3.) Federal Job Whores. Isn’t it amazing that whenever the federal government is “shut down” over some lopsided budget bill, 75 percent of the federal workforce is now on “furlough”, which really means they’re on vacation. Fret not, all those furlough days will still be paid in the form of “backpay”.

But amazingly, the Coast Guard is still guarding the coasts; the Secret Service is still on the lookout for counterfeiters and protecting certain federal officials; the US Mail is still being delivered. All this with three-fourths of the workforce sitting at home? How the hell does that work? Oh, by the way… not exactly a secret that they’re going to vote for the political party that promises to keep feeding the bureaucracy.

Ändern. Изменять. 改变. No matter how you spell it, it’s all “Change.”

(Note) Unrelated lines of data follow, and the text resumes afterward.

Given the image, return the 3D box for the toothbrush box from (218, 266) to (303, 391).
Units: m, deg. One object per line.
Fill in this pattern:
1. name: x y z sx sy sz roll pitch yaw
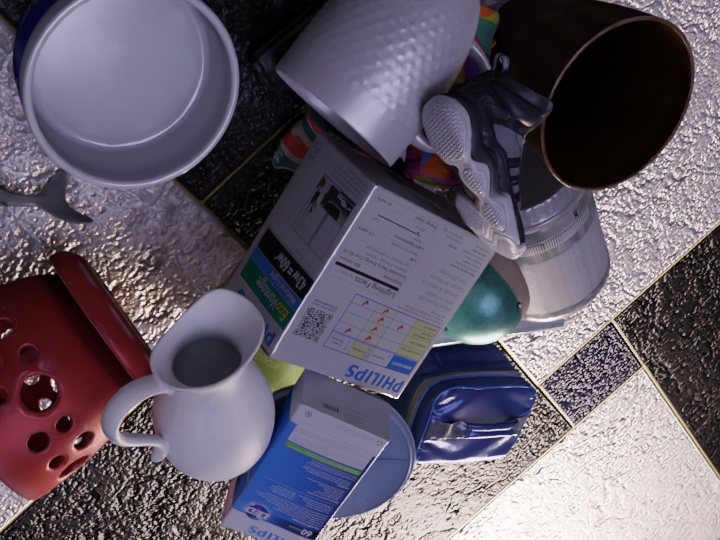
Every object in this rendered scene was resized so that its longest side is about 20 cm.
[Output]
1. toothbrush box: -0.076 0.041 1.161 0.200 0.086 0.145 -47 132 6

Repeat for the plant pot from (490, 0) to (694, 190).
1. plant pot: 0.220 -0.216 1.069 0.185 0.200 0.189 -14 128 -19

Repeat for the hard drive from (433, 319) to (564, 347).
1. hard drive: 0.145 0.077 1.290 0.198 0.132 0.027 -5 87 -27

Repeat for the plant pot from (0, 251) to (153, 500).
1. plant pot: -0.311 0.096 0.998 0.182 0.200 0.202 -36 133 -13

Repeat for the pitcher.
1. pitcher: -0.162 0.133 0.945 0.171 0.121 0.201 -33 152 -24

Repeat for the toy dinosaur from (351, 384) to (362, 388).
1. toy dinosaur: -0.104 0.172 1.167 0.179 0.105 0.202 15 116 -4

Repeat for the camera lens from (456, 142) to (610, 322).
1. camera lens: 0.211 -0.049 1.209 0.159 0.160 0.201 -32 132 -5

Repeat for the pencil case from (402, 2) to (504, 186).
1. pencil case: 0.099 -0.190 1.057 0.088 0.088 0.203 8 94 -33

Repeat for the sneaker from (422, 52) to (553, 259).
1. sneaker: 0.141 -0.109 0.957 0.114 0.075 0.201 -42 128 -15

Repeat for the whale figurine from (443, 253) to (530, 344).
1. whale figurine: 0.100 0.016 1.162 0.104 0.199 0.160 -47 138 -20

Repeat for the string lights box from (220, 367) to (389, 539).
1. string lights box: -0.060 0.206 1.045 0.102 0.059 0.201 25 122 -14

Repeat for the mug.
1. mug: 0.046 -0.200 0.965 0.199 0.148 0.176 39 92 -21

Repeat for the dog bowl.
1. dog bowl: -0.218 -0.182 0.927 0.198 0.079 0.202 -15 127 -20

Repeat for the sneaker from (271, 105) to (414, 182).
1. sneaker: -0.016 -0.106 1.114 0.093 0.071 0.199 -36 137 23

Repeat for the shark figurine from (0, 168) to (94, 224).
1. shark figurine: -0.356 -0.092 0.909 0.128 0.090 0.215 -37 130 1

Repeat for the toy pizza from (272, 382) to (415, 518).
1. toy pizza: -0.038 0.195 1.091 0.197 0.032 0.202 1 123 2

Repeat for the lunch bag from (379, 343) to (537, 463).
1. lunch bag: 0.141 0.184 1.353 0.198 0.133 0.137 2 121 -30

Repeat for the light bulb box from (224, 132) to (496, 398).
1. light bulb box: 0.000 0.000 1.035 0.197 0.125 0.201 23 106 -41

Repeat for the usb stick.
1. usb stick: -0.026 -0.261 1.011 0.199 0.033 0.056 -39 139 0
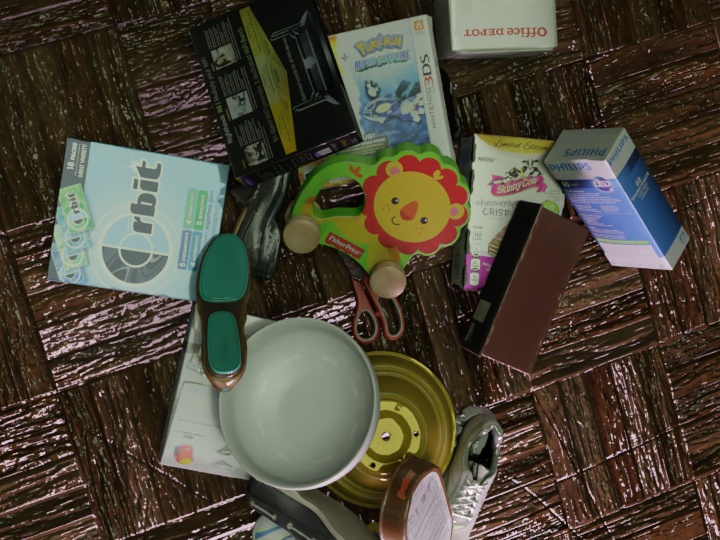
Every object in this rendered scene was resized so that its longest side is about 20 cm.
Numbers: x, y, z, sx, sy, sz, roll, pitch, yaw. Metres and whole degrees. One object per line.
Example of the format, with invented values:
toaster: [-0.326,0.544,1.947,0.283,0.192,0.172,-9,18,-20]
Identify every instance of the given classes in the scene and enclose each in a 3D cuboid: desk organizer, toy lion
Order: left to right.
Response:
toy lion: [0.028,-0.078,1.403,0.198,0.069,0.193,26,115,-13]
desk organizer: [0.206,0.021,1.443,0.076,0.072,0.202,23,91,-17]

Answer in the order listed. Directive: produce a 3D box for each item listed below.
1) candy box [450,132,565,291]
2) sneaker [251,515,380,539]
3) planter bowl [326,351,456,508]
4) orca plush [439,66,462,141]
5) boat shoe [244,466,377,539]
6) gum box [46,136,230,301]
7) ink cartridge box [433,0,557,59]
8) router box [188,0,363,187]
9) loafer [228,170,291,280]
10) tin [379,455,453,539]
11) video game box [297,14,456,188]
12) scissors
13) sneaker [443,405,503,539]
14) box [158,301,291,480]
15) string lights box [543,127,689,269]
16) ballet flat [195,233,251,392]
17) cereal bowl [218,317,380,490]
candy box: [0.194,-0.072,1.501,0.134,0.061,0.203,3,92,-14]
sneaker: [-0.035,0.344,1.440,0.197,0.105,0.077,7,93,-14]
planter bowl: [0.029,0.204,1.444,0.197,0.083,0.204,0,88,-4]
orca plush: [0.078,-0.166,1.462,0.104,0.071,0.202,27,86,-13]
boat shoe: [-0.057,0.311,1.397,0.199,0.073,0.063,37,104,10]
gum box: [-0.270,-0.060,1.397,0.197,0.045,0.173,8,91,-15]
ink cartridge box: [0.167,-0.376,1.469,0.144,0.083,0.203,-4,93,-13]
router box: [-0.102,-0.222,1.375,0.155,0.052,0.203,-20,79,7]
loafer: [-0.127,-0.093,1.418,0.071,0.073,0.203,9,89,-9]
tin: [0.070,0.313,1.405,0.112,0.041,0.201,-54,146,-31]
video game box: [0.007,-0.205,1.421,0.197,0.047,0.185,-10,93,11]
scissors: [0.000,0.000,1.483,0.072,0.014,0.203,-19,96,-10]
sneaker: [0.135,0.279,1.494,0.074,0.081,0.203,16,90,-15]
box: [-0.156,0.154,1.436,0.154,0.041,0.203,12,89,-14]
string lights box: [0.331,-0.090,1.476,0.059,0.102,0.200,-53,124,-23]
ballet flat: [-0.162,0.055,1.363,0.067,0.073,0.202,0,57,-10]
cereal bowl: [-0.068,0.163,1.379,0.197,0.083,0.203,-3,75,10]
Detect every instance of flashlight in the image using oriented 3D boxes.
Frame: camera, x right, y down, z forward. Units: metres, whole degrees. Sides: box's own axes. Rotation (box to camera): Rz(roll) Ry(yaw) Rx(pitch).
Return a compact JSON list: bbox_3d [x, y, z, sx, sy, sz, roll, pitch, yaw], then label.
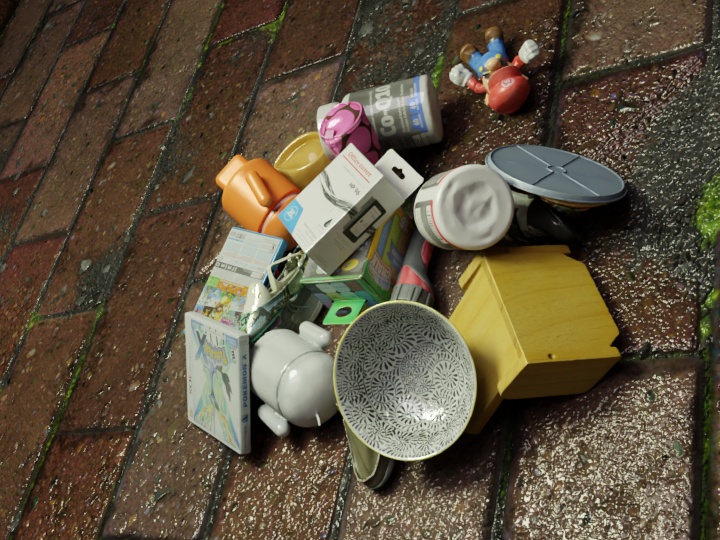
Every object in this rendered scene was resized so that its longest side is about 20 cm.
[{"bbox_3d":[0.100,-0.020,1.395,0.067,0.068,0.202,-1,53,33],"label":"flashlight"}]

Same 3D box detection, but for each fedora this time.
[{"bbox_3d":[-0.091,-0.190,1.670,0.198,0.082,0.203,-23,46,26],"label":"fedora"}]

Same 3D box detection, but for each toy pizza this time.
[{"bbox_3d":[0.267,-0.126,1.270,0.200,0.197,0.032,43,131,49],"label":"toy pizza"}]

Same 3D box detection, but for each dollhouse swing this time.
[{"bbox_3d":[0.213,0.102,1.220,0.178,0.178,0.202,-2,43,-13],"label":"dollhouse swing"}]

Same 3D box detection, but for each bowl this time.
[{"bbox_3d":[0.072,0.138,1.204,0.197,0.094,0.205,1,92,26],"label":"bowl"}]

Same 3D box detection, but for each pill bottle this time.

The remedy is obvious; not only do we need to stop feeding the beast, but the same beast needs not only to have its stomach stapled, but liposuction out the ass (no pun intended).

4.) Professional Leftists. We know who they are. It’s that thin slice of the American people who are openly Left-Wingers. The Bernie Sanders, Alexandria Ocasio-Cortez and Tim Walz politicians of the world. They don’t even try to hide their open admiration of Karl Marx, Vladimir Lenin and Mao Tse-tung.

Even though they profess a love for Communism, they just play word games when someone calls them out. It doesn’t matter if they refer to themselves as “Progressives” or “Democratic Socialists” or “Enlightened”. Don’t fall for it, they’re totalitarians. Interestingly enough, whenever one of these Lefties lose an election, more than a few of their supporters start calling for members of the opposition be put to death.

Here’s the remedy: If you’re even thinking of ever voting for one of these neo-Stalinists, all I ask of you is that before you cast your ballot for them, just scratch the surface of their stances on the various issues. Once you start to think for yourself, that’s when they start to sweat.

Yes, it really is as simple as that.